(Excerpts from a dataset)

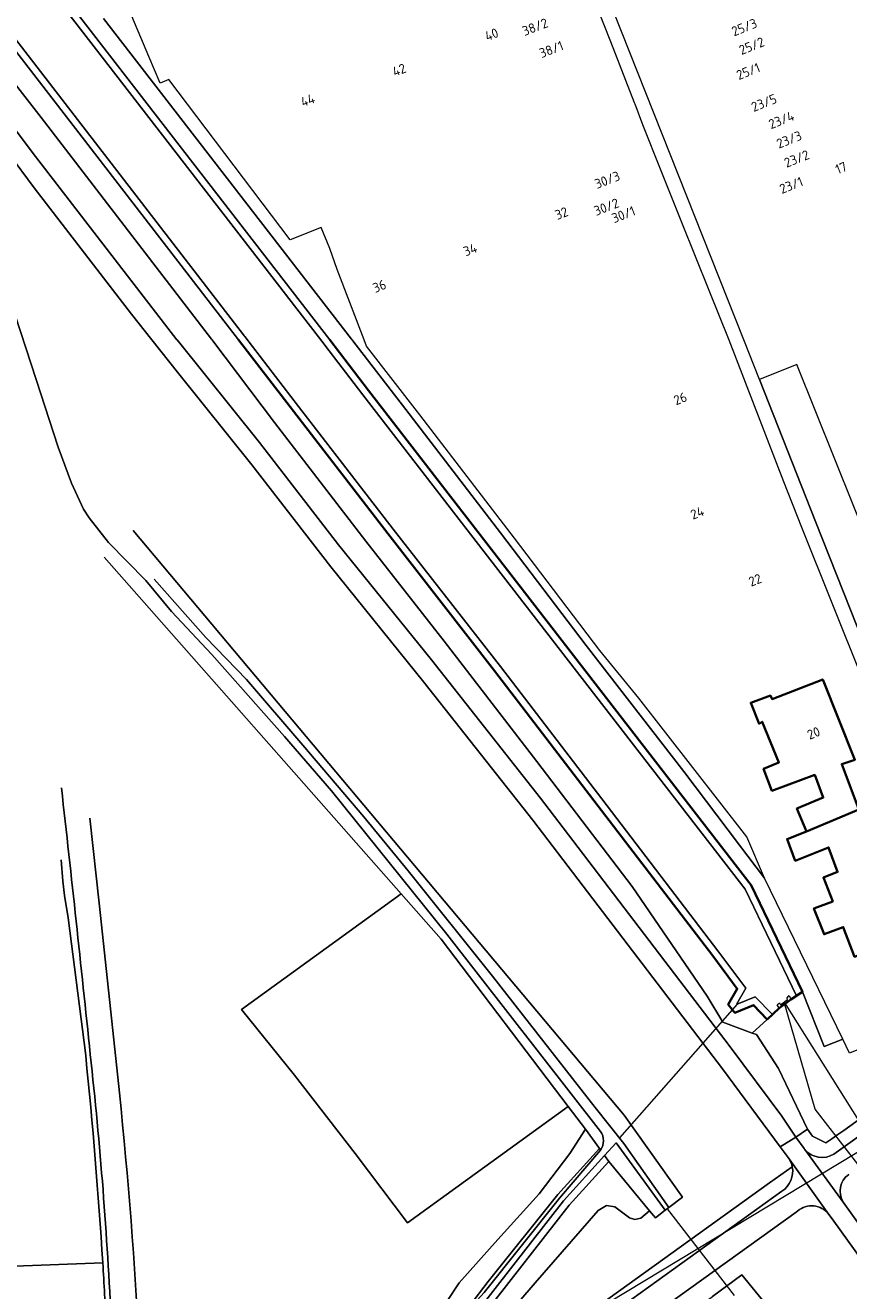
# Model space of a CAD drawing. Extents: x 150256 to 156914, y 461459 to 469481.
# Tile 249 of 256: x 154198 to 154314, y 464366 to 464544. Entities that reach past the tile are written whole.
import ezdxf
from ezdxf.enums import TextEntityAlignment as Align

# ---------------------------------------------------------------- set-up
doc = ezdxf.new("R2010")
doc.units = 0
doc.header["$LTSCALE"] = 0.75
for name, color, linetype, lineweight in [('B-RO-GK-BESCHOEIING-G', 251, 'GK-BESCHOEIING', 35), ('B-RO-GR-BEPLANTING_CULTUUR_BOSPLANTSOEN-GV', 251, 'CONTINUOUS', 18), ('B-RO-KW-KUNSTWERK_DUIKER-G', 251, 'CONTINUOUS', 18), ('B-RO-OG-BEBOUWING-GV', 6, 'CONTINUOUS', 35), ('B-RO-OG-BEBOUWING-T18', 1, 'CONTINUOUS', 18), ('B-RO-OG-TERREIN_CULTUURSCHEIDING-GV', 251, 'CONTINUOUS', 18), ('B-RO-OG-WATER-GV', 251, 'CONTINUOUS', 18), ('B-RO-OG-WATER_SLOOT-GV', 251, 'CONTINUOUS', 18), ('B-RO-VH-VERHARDING_ASFALT-GV', 251, 'CONTINUOUS', 18), ('B-RO-VH-VERHARDING_BETON-GV', 251, 'CONTINUOUS', 18), ('B-RO-VH-VERHARDING_BETONSTRAATSTEEN-GV', 251, 'CONTINUOUS', 18), ('B-RO-VH-VERHARDING_TEGEL-GV', 251, 'CONTINUOUS', 18)]:
    doc.layers.add(name, color=color, linetype=linetype, lineweight=lineweight)
doc.styles.add('NLCS-ISO-M200-T18', font='NLCS-ISO.ttf', dxfattribs={"height": 360})
doc.linetypes.add('GK-BESCHOEIING', pattern='A,30,-5,[1,NLCS.SHX,S=1,R=0,X=0,Y=0],-5', length=40)

msp = doc.modelspace()

# ---------------------------------------------------------------- linework, layer by layer
at = {"layer": 'B-RO-GK-BESCHOEIING-G'}
for points in [[(154228.365, 464500), (154249.355, 464472.752), (154264.384, 464453.449), (154295.076, 464413.294), (154298.523, 464408.683), (154297.253, 464406.455), (154298.19, 464405.301), (154300.796, 464406.372), (154302.723, 464404.363), (154304.435, 464405.939)], [(154307.703, 464408.248), (154300.466, 464423.247), (154246.662, 464492.885), (154241.229, 464500)], [(154304.435, 464405.939), (154306.045, 464407.168)], [(154306.045, 464407.168), (154307.703, 464408.248)]]:
    msp.add_lwpolyline(points, dxfattribs=at)
at = {"layer": 'B-RO-GR-BEPLANTING_CULTUUR_BOSPLANTSOEN-GV'}
for points in [[(154209.403, 464545.27), (154244.253, 464500.125), (154244.349, 464500), (154244.446, 464499.875), (154251.926, 464490.197), (154265.228, 464472.852), (154277.247, 464457.011), (154290.994, 464439.263), (154298.826, 464428.886), (154302.372, 464424.225), (154299.887, 464430.076), (154284.676, 464449.572), (154279.198, 464456.271), (154267.179, 464472.112), (154253.877, 464489.457), (154246.397, 464499.135), (154246.066, 464500), (154242.268, 464509.934), (154241.201, 464512.883), (154239.985, 464515.833), (154235.657, 464514.12), (154218.55, 464536.648), (154217.341, 464536.174), (154215.762, 464539.926), (154204.313, 464567.119)], [(154313.348, 464401.576), (154310.75, 464400.548), (154307.703, 464408.248), (154306.858, 464407.697), (154306.045, 464407.168), (154304.435, 464405.939), (154303.459, 464405.041), (154302.723, 464404.363), (154300.637, 464402.443), (154301.203, 464402.235), (154304.319, 464397.453), (154308.377, 464388.928), (154309.087, 464387.908), (154310.968, 464387.008)], [(154335.107, 464404.805), (154334.796, 464405.723), (154334.015, 464407.656), (154314.295, 464399.605), (154313.348, 464401.576)]]:
    msp.add_lwpolyline(points, dxfattribs=at)
msp.add_lwpolyline([(154310.968, 464387.008, 0.0466288), (154323.849, 464397.205)], format="xyb", dxfattribs=at)
for points in [[(154279.127, 464386.21), (154277.162, 464388.926), (154274.985, 464385.485), (154270.661, 464379.794), (154264.868, 464373.368), (154259.407, 464367.31), (154257.66, 464364.679), (154257.488, 464363.373), (154257.602, 464362.129), (154258.054, 464361.139), (154260.891, 464364.095), (154263.471, 464367.455), (154273.276, 464379.705)], [(154262.723, 464362.634), (154263.616, 464361.803), (154264.676, 464361.497), (154265.478, 464361.945), (154270.113, 464367.297), (154278.937, 464377.488), (154280.111, 464378.182), (154281.314, 464377.998), (154283.376, 464376.428), (154284.121, 464376.183), (154284.98, 464376.367), (154286.195, 464377.411), (154280.461, 464384.366), (154274.859, 464378.197)]]:
    msp.add_lwpolyline(points, close=True, dxfattribs=at)
at = {"layer": 'B-RO-KW-KUNSTWERK_DUIKER-G'}
for points in [[(154304.435, 464405.939), (154304.141, 464406.44), (154304.443, 464406.686), (154304.59, 464406.435), (154305.596, 464407.173), (154305.548, 464407.422), (154305.801, 464407.718), (154306.045, 464407.168)], [(154305.093, 464406.804), (154317.603, 464386.956), (154240.788, 464340.535)], [(154298.497, 464406.508), (154281.942, 464387.718)], [(154317.897, 464380.868), (154309.458, 464391.737), (154305.093, 464406.804)], [(154288.683, 464377.719), (154298.082, 464365.497)]]:
    msp.add_lwpolyline(points, dxfattribs=at)
at = {"layer": 'B-RO-OG-BEBOUWING-GV'}
for points in [[(154308.278, 464430.839), (154315.602, 464433.9), (154313.215, 464440.297), (154315.069, 464440.927), (154310.54, 464452.218), (154303.425, 464449.448), (154303.18, 464449.948), (154300.425, 464448.929), (154301.593, 464445.981), (154302.045, 464446.276), (154304.383, 464440.53), (154302.228, 464439.654), (154303.395, 464436.558), (154309.407, 464438.79), (154310.623, 464435.594), (154306.914, 464434.036)], [(154308.278, 464430.839), (154305.532, 464429.745), (154306.678, 464426.708), (154311.369, 464428.574), (154312.638, 464425.128), (154310.635, 464424.328), (154311.945, 464420.972), (154309.306, 464419.988), (154310.736, 464416.349), (154313.425, 464417.368), (154315.011, 464413.183), (154324.504, 464416.94), (154320.06, 464428.091), (154318.202, 464427.349), (154315.656, 464433.756), (154315.602, 464433.9)]]:
    msp.add_lwpolyline(points, close=True, dxfattribs=at)
at = {"layer": 'B-RO-OG-TERREIN_CULTUURSCHEIDING-GV'}
for points in [[(154195.966, 464530.926), (154199.813, 464525.807), (154219.705, 464500), (154219.741, 464500), (154231.316, 464485.564), (154242.451, 464471.175), (154255.515, 464454.976), (154270.843, 464435.52), (154274.043, 464431.326), (154297.544, 464400.529), (154304.782, 464390.756), (154306.759, 464387.768), (154308.377, 464388.928), (154304.319, 464397.453), (154301.203, 464402.235), (154300.637, 464402.443), (154296.501, 464403.962), (154294.274, 464407.646), (154283.744, 464423.056), (154270.345, 464440.652), (154257.288, 464457.597), (154246.299, 464471.686), (154233.44, 464488.381), (154224.764, 464499.875), (154224.67, 464500), (154224.574, 464500.125), (154200.608, 464531.328), (154157.514, 464586.764)], [(154304.573, 464386.422), (154296.464, 464397.404), (154271.857, 464429.651), (154269.763, 464432.395), (154254.435, 464451.851), (154241.371, 464468.05), (154230.236, 464482.439), (154219.782, 464495.452), (154216.201, 464500), (154213.324, 464503.656), (154199.626, 464521.427), (154196.042, 464526.28), (154184.338, 464520.96)], [(154213.548, 464473.162), (154282.624, 464390.903), (154290.82, 464379.365), (154288.917, 464377.9)], [(154257.66, 464364.679), (154259.407, 464367.31), (154264.868, 464373.368), (154270.661, 464379.794), (154274.985, 464385.485), (154277.162, 464388.926), (154274.743, 464392.111), (154252.12, 464375.744), (154244.797, 464385.511), (154236.246, 464396.532), (154228.805, 464405.778), (154251.256, 464422.021), (154209.468, 464469.447)], [(154207.467, 464432.676), (154208.754, 464420.707), (154211.384, 464396.257)], [(154305.773, 464384.814), (154305.69, 464384.941), (154304.573, 464386.422)], [(154253.54, 464345.782), (154265.606, 464354.393), (154303.04, 464381.374), (154306.254, 464383.635)], [(154313.41, 464378.653), (154313.42, 464378.636), (154317.826, 464372.517), (154328.698, 464356.786), (154336.763, 464344.815), (154343.45, 464334.748), (154344.624, 464332.928), (154349.004, 464326.136), (154363.545, 464302.905), (154370.87, 464290.867), (154377.498, 464279.852), (154383.681, 464269.24), (154389.568, 464258.979), (154394.077, 464250.623)], [(154306.808, 464377.231), (154269.04, 464350.078), (154260.646, 464344.061), (154259.187, 464343.062)], [(154288.917, 464377.9), (154288.394, 464377.497), (154287.005, 464376.428), (154286.195, 464377.411), (154284.98, 464376.367), (154284.121, 464376.183), (154283.376, 464376.428), (154281.314, 464377.998), (154280.111, 464378.182), (154278.937, 464377.488), (154270.113, 464367.297), (154265.478, 464361.945)], [(154395.849, 464241.211), (154389.023, 464254.304), (154386.621, 464258.708), (154381.177, 464268.317), (154375.434, 464278.079), (154362.807, 464299.08), (154357.551, 464307.441), (154351.755, 464316.803), (154342.398, 464331.49), (154339.569, 464335.93), (154334.407, 464343.792), (154328.652, 464352.208), (154323.735, 464359.571), (154317.879, 464367.937), (154312.12, 464375.955), (154311.157, 464377.213)], [(154296.934, 464362.443), (154275.502, 464347.084), (154274.464, 464348.129), (154273.252, 464349.349), (154295.033, 464365.365), (154299.177, 464368.413), (154302.892, 464363.821), (154306.163, 464359.288), (154311.624, 464351.423), (154317.035, 464343.458), (154337.142, 464312.959), (154345.2, 464300.191), (154357.354, 464280.477), (154369.573, 464280.544), (154372.183, 464276.204), (154377.942, 464266.414), (154383.327, 464256.91), (154385.713, 464252.535), (154392.506, 464239.505)]]:
    msp.add_lwpolyline(points, dxfattribs=at)
msp.add_lwpolyline([(154274.743, 464392.111), (154256.855, 464415.666), (154251.256, 464422.021), (154228.805, 464405.778), (154236.246, 464396.532), (154244.797, 464385.511), (154252.12, 464375.744)], close=True, dxfattribs=at)
for points in [[(154211.384, 464396.257, -0.0278175), (154215.156, 464324.144)], [(154306.254, 464383.635, 0.0961107), (154305.773, 464384.814)], [(154314.188, 464382.525, 0.3961664), (154313.41, 464378.653)], [(154311.157, 464377.213, 0.4189464), (154306.808, 464377.231)]]:
    msp.add_lwpolyline(points, format="xyb", dxfattribs=at)
at = {"layer": 'B-RO-OG-WATER-GV'}
for points in [[(154166.534, 464635.198), (154174.02, 464615.927), (154198.772, 464553.345), (154240.433, 464499.395), (154240.528, 464499.27), (154245.867, 464492.278), (154263.706, 464469.162), (154299.61, 464422.72), (154306.858, 464407.697), (154307.703, 464408.248), (154300.466, 464423.247), (154246.662, 464492.885), (154241.229, 464500), (154199.651, 464553.842), (154174.931, 464616.342), (154167.46, 464635.575)], [(154160.174, 464588.534), (154228.365, 464500), (154249.355, 464472.752), (154264.384, 464453.449), (154295.076, 464413.294), (154298.523, 464408.683), (154297.253, 464406.455), (154298.19, 464405.301), (154300.796, 464406.372), (154302.723, 464404.363), (154303.459, 464405.041), (154301.046, 464407.556), (154298.497, 464406.508), (154298.46, 464406.554), (154299.716, 464408.757), (154295.909, 464413.85), (154279.466, 464435.406), (154265.198, 464454.031), (154250.144, 464473.366), (154236.794, 464490.66), (154229.254, 464500.484), (154229.158, 464500.609), (154229.061, 464500.735), (154161.053, 464589.031)], [(154161.053, 464589.031), (154229.061, 464500.735), (154229.158, 464500.609), (154229.254, 464500.484), (154236.794, 464490.66), (154250.144, 464473.366), (154265.198, 464454.031), (154279.466, 464435.406), (154295.909, 464413.85), (154299.716, 464408.757), (154298.46, 464406.554), (154298.497, 464406.508), (154301.046, 464407.556), (154303.459, 464405.041), (154304.435, 464405.939), (154306.045, 464407.168), (154306.858, 464407.697), (154299.61, 464422.72), (154263.706, 464469.162), (154245.867, 464492.278), (154240.528, 464499.27), (154240.433, 464499.395), (154198.772, 464553.345)]]:
    msp.add_lwpolyline(points, dxfattribs=at)
at = {"layer": 'B-RO-OG-WATER_SLOOT-GV'}
for points in [[(154302.723, 464404.363), (154300.796, 464406.372), (154298.19, 464405.301), (154297.253, 464406.455), (154298.523, 464408.683), (154295.076, 464413.294), (154264.384, 464453.449), (154249.355, 464472.752), (154228.365, 464500), (154160.174, 464588.534), (154145.379, 464626.395)], [(154142.421, 464625.133), (154149.601, 464606.947), (154154.487, 464594.657), (154157.514, 464586.764), (154200.608, 464531.328), (154224.574, 464500.125), (154224.67, 464500), (154224.764, 464499.875), (154233.44, 464488.381), (154246.299, 464471.686), (154257.288, 464457.597), (154270.345, 464440.652), (154283.744, 464423.056), (154294.274, 464407.646), (154296.501, 464403.962), (154300.637, 464402.443), (154302.723, 464404.363)], [(154199.651, 464553.842), (154241.229, 464500), (154246.662, 464492.885), (154300.466, 464423.247), (154307.703, 464408.248), (154310.75, 464400.548), (154313.348, 464401.576), (154302.372, 464424.225), (154298.826, 464428.886), (154290.994, 464439.263), (154277.247, 464457.011), (154265.228, 464472.852), (154251.926, 464490.197), (154244.446, 464499.875), (154244.349, 464500), (154244.253, 464500.125), (154209.403, 464545.27)], [(154279.274, 464388.598), (154257.693, 464416.349), (154241.449, 464436.52), (154234.836, 464444.201), (154224.643, 464455.728), (154218.958, 464461.795), (154215.35, 464466.166), (154210.101, 464471.499), (154207.391, 464474.95), (154206.574, 464476.165), (154204.871, 464479.863), (154203.031, 464484.898), (154199.894, 464494.459), (154196.242, 464505.631), (154193.078, 464514.585), (154190.753, 464520.662)], [(154190.753, 464520.662), (154193.078, 464514.585), (154196.242, 464505.631), (154199.894, 464494.459), (154203.031, 464484.898), (154204.871, 464479.863), (154206.574, 464476.165), (154207.391, 464474.95), (154210.101, 464471.499), (154215.35, 464466.166), (154218.958, 464461.795), (154224.643, 464455.728), (154234.836, 464444.201), (154241.449, 464436.52), (154257.693, 464416.349), (154279.274, 464388.598)], [(154216.516, 464466.333), (154223.771, 464458.11), (154229.479, 464452.224), (154237.421, 464442.989), (154246.022, 464432.892), (154252.222, 464425.259), (154264.117, 464410.431), (154278.511, 464391.952), (154282.563, 464386.912), (154288.917, 464377.9), (154290.82, 464379.365), (154282.624, 464390.903), (154213.548, 464473.162)], [(154209.468, 464469.447), (154251.256, 464422.021), (154256.855, 464415.666), (154274.743, 464392.111), (154277.162, 464388.926), (154279.127, 464386.21), (154279.304, 464385.966)], [(154257.054, 464358.25), (154261.988, 464363.317), (154274.093, 464378.842), (154279.862, 464385.194), (154281.511, 464387.009), (154288.394, 464377.497), (154288.917, 464377.9), (154282.563, 464386.912), (154278.511, 464391.952), (154264.117, 464410.431), (154252.222, 464425.259), (154246.022, 464432.892), (154237.421, 464442.989), (154229.479, 464452.224)], [(154256.353, 464358.765), (154262.931, 464365.948), (154273.511, 464379.222), (154279.304, 464385.966), (154279.127, 464386.21), (154273.276, 464379.705), (154263.471, 464367.455), (154260.891, 464364.095), (154258.054, 464361.139), (154255.494, 464358.472), (154256.629, 464357.117), (154262.723, 464362.634), (154274.859, 464378.197), (154280.461, 464384.366), (154279.862, 464385.194), (154274.093, 464378.842), (154261.988, 464363.317), (154257.054, 464358.25)], [(154279.304, 464385.966), (154273.511, 464379.222), (154262.931, 464365.948), (154256.353, 464358.765)], [(154345.2, 464300.191), (154337.142, 464312.959), (154317.035, 464343.458), (154311.624, 464351.423), (154306.163, 464359.288), (154302.892, 464363.821), (154299.177, 464368.413), (154295.033, 464365.365)]]:
    msp.add_lwpolyline(points, dxfattribs=at)
for points in [[(154279.304, 464385.966, 0.3145673), (154279.274, 464388.598)], [(154279.274, 464388.598, -0.3145673), (154279.304, 464385.966)]]:
    msp.add_lwpolyline(points, format="xyb", dxfattribs=at)
msp.add_lwpolyline([(154279.862, 464385.194), (154280.461, 464384.366), (154286.195, 464377.411), (154287.005, 464376.428), (154288.394, 464377.497), (154281.511, 464387.009)], close=True, dxfattribs=at)
at = {"layer": 'B-RO-VH-VERHARDING_ASFALT-GV'}
for points in [[(154196.042, 464526.28), (154199.626, 464521.427), (154213.324, 464503.656), (154216.201, 464500), (154219.782, 464495.452), (154230.236, 464482.439), (154241.371, 464468.05), (154254.435, 464451.851), (154269.763, 464432.395), (154271.857, 464429.651), (154296.464, 464397.404), (154304.573, 464386.422), (154306.759, 464387.768), (154304.782, 464390.756), (154297.544, 464400.529), (154274.043, 464431.326), (154270.843, 464435.52), (154255.515, 464454.976), (154242.451, 464471.175), (154231.316, 464485.564), (154219.741, 464500), (154219.705, 464500), (154199.813, 464525.807), (154195.966, 464530.926)], [(154211.384, 464396.257), (154208.754, 464420.707), (154207.467, 464432.676)], [(154206.878, 464399.297), (154204.395, 464418.666), (154203.907, 464421.82), (154203.663, 464423.82), (154203.452, 464426.815)], [(154197.088, 464405.568), (154196.918, 464369.652), (154209.281, 464370.095)], [(154318.207, 464389.775), (154312.112, 464385.409)], [(154307.907, 464386.198), (154306.759, 464387.768), (154304.573, 464386.422)], [(154304.573, 464386.422), (154305.69, 464384.941), (154311.157, 464377.213), (154312.12, 464375.955), (154317.879, 464367.937), (154323.735, 464359.571), (154328.652, 464352.208), (154334.407, 464343.792), (154339.569, 464335.93), (154342.398, 464331.49), (154351.755, 464316.803), (154357.551, 464307.441), (154362.807, 464299.08), (154375.434, 464278.079), (154381.177, 464268.317), (154386.621, 464258.708), (154389.023, 464254.304), (154395.849, 464241.211)], [(154308.044, 464386.033), (154313.41, 464378.653)], [(154394.077, 464250.623), (154389.568, 464258.979), (154383.681, 464269.24), (154377.498, 464279.852), (154370.87, 464290.867), (154363.545, 464302.905), (154349.004, 464326.136), (154344.624, 464332.928), (154343.45, 464334.748), (154336.763, 464344.815), (154328.698, 464356.786), (154317.826, 464372.517), (154313.42, 464378.636), (154313.41, 464378.653), (154308.044, 464386.033)], [(154305.69, 464384.941), (154305.773, 464384.814)], [(154311.157, 464377.213), (154305.69, 464384.941)], [(154304.789, 464380.185), (154267.295, 464353.175), (154254.782, 464344.156)], [(154259.187, 464343.062), (154260.646, 464344.061), (154269.04, 464350.078), (154306.808, 464377.231)], [(154209.281, 464370.095), (154196.918, 464369.652), (154193.881, 464339.795), (154193.654, 464289.432)]]:
    msp.add_lwpolyline(points, dxfattribs=at)
for points in [[(154203.47, 464436.957, -0.0024822), (154207.525, 464399.45)], [(154209.281, 464370.095, 0.0098292), (154206.878, 464399.297)], [(154207.525, 464399.45, -0.0160697), (154210.494, 464361.307)], [(154215.156, 464324.144, 0.0278175), (154211.384, 464396.257)], [(154308.044, 464386.033, -0.0196983), (154307.907, 464386.198)], [(154312.112, 464385.409, -0.369689), (154308.044, 464386.033)], [(154305.773, 464384.814, -0.0961107), (154306.254, 464383.635)], [(154306.254, 464383.635, -0.3072728), (154304.789, 464380.185)], [(154313.41, 464378.653, -0.3961664), (154314.188, 464382.525)], [(154306.808, 464377.231, -0.4189464), (154311.157, 464377.213)], [(154209.781, 464361.259, 0.0029459), (154209.281, 464370.095)]]:
    msp.add_lwpolyline(points, format="xyb", dxfattribs=at)
at = {"layer": 'B-RO-VH-VERHARDING_BETON-GV'}
for points in [[(154207.525, 464399.45, 0.0024822), (154203.47, 464436.957)], [(154206.878, 464399.297, -0.0098292), (154209.281, 464370.095)], [(154210.494, 464361.307, 0.0160697), (154207.525, 464399.45)], [(154209.281, 464370.095, -0.0029459), (154209.781, 464361.259)]]:
    msp.add_lwpolyline(points, format="xyb", dxfattribs=at)
msp.add_lwpolyline([(154203.452, 464426.815), (154203.663, 464423.82), (154203.907, 464421.82), (154204.395, 464418.666), (154206.878, 464399.297)], dxfattribs=at)
at = {"layer": 'B-RO-VH-VERHARDING_BETONSTRAATSTEEN-GV'}
msp.add_lwpolyline([(154323.157, 464455.918), (154314.893, 464476.586), (154306.914, 464496.543), (154301.628, 464494.452), (154309.542, 464474.447), (154336.803, 464405.539), (154336.817, 464405.504), (154339.056, 464399.81), (154339.021, 464399.71)], dxfattribs=at)
at = {"layer": 'B-RO-VH-VERHARDING_TEGEL-GV'}
for points in [[(154336.817, 464405.504), (154336.803, 464405.539), (154309.542, 464474.447), (154301.628, 464494.452), (154299.433, 464500), (154265.033, 464586.876), (154260.18, 464599.133), (154258.356, 464598.361), (154262.023, 464589.155), (154263.144, 464586.124), (154264.549, 464582.587), (154268.864, 464571.728), (154274.132, 464558.468), (154274.193, 464558.315), (154275.278, 464555.73), (154276.467, 464552.705), (154280.67, 464542.018), (154284.041, 464533.446), (154284.122, 464533.239), (154285.183, 464530.327), (154287.769, 464523.87), (154290.682, 464516.597)], [(154290.682, 464516.597), (154294.513, 464507.032), (154297.33, 464500), (154305.009, 464480.066), (154307.568, 464473.665), (154328.869, 464420.384), (154334.015, 464407.656), (154334.796, 464405.723), (154335.107, 464404.805), (154335.739, 464402.931)], [(154312.112, 464385.409), (154318.207, 464389.775)], [(154310.968, 464387.008), (154309.087, 464387.908), (154308.377, 464388.928), (154306.759, 464387.768), (154307.907, 464386.198)], [(154306.254, 464383.635), (154303.04, 464381.374), (154265.606, 464354.393), (154253.54, 464345.782)], [(154254.782, 464344.156), (154267.295, 464353.175), (154304.789, 464380.185)]]:
    msp.add_lwpolyline(points, dxfattribs=at)
for points in [[(154323.849, 464397.205, -0.0466288), (154310.968, 464387.008)], [(154307.907, 464386.198, 0.0196983), (154308.044, 464386.033)], [(154308.044, 464386.033, 0.369689), (154312.112, 464385.409)], [(154304.789, 464380.185, 0.3072728), (154306.254, 464383.635)]]:
    msp.add_lwpolyline(points, format="xyb", dxfattribs=at)

# ---------------------------------------------------------------- texts
at = {"layer": 'B-RO-OG-BEBOUWING-T18', "style": 'NLCS-ISO-M200-T18'}
for s, rotation, p in [('38/2', 21, (154270.078, 464544.066)), ('25/3', 21.6, (154299.511, 464544.021)), ('40', 21, (154263.966, 464543.006)), ('25/2', 21.6, (154300.55, 464541.397)), ('38/1', 21, (154272.37, 464540.91)), ('42', 21, (154250.969, 464538.017)), ('25/1', 21.6, (154300.06, 464537.82)), ('44', 19.9, (154238.109, 464533.746)), ('23/5', 21.5, (154302.28, 464533.39)), ('23/4', 21.5, (154304.727, 464530.963)), ('23/3', 21.5, (154305.813, 464528.211)), ('23/2', 21.5, (154306.875, 464525.519)), ('17', 21.5, (154313.127, 464524.217)), ('30/3', 21.2, (154280.24, 464522.54)), ('23/1', 21.5, (154306.11, 464521.79)), ('30/2', 21.2, (154280.111, 464518.735)), ('32', 21.2, (154273.797, 464517.835)), ('30/1', 21.2, (154282.52, 464517.664)), ('34', 21.2, (154260.957, 464512.72)), ('36', 22.2, (154248.197, 464507.579)), ('26', 21.4, (154290.507, 464491.748)), ('24', 21.2, (154292.89, 464475.664)), ('22', 21.5, (154301.031, 464466.211)), ('20', 21.8, (154309.259, 464444.667))]:
    msp.add_text(s, height=1.35, rotation=rotation, dxfattribs=at).set_placement(p, align=Align.MIDDLE)

doc.saveas('drawing.dxf')

**To do**
Copy each line from the data above that includes "rotation".

**Answer box**
for s, rotation, p in [('38/2', 21, (154270.078, 464544.066)), ('25/3', 21.6, (154299.511, 464544.021)), ('40', 21, (154263.966, 464543.006)), ('25/2', 21.6, (154300.55, 464541.397)), ('38/1', 21, (154272.37, 464540.91)), ('42', 21, (154250.969, 464538.017)), ('25/1', 21.6, (154300.06, 464537.82)), ('44', 19.9, (154238.109, 464533.746)), ('23/5', 21.5, (154302.28, 464533.39)), ('23/4', 21.5, (154304.727, 464530.963)), ('23/3', 21.5, (154305.813, 464528.211)), ('23/2', 21.5, (154306.875, 464525.519)), ('17', 21.5, (154313.127, 464524.217)), ('30/3', 21.2, (154280.24, 464522.54)), ('23/1', 21.5, (154306.11, 464521.79)), ('30/2', 21.2, (154280.111, 464518.735)), ('32', 21.2, (154273.797, 464517.835)), ('30/1', 21.2, (154282.52, 464517.664)), ('34', 21.2, (154260.957, 464512.72)), ('36', 22.2, (154248.197, 464507.579)), ('26', 21.4, (154290.507, 464491.748)), ('24', 21.2, (154292.89, 464475.664)), ('22', 21.5, (154301.031, 464466.211)), ('20', 21.8, (154309.259, 464444.667))]:
    msp.add_text(s, height=1.35, rotation=rotation, dxfattribs=at).set_placement(p, align=Align.MIDDLE)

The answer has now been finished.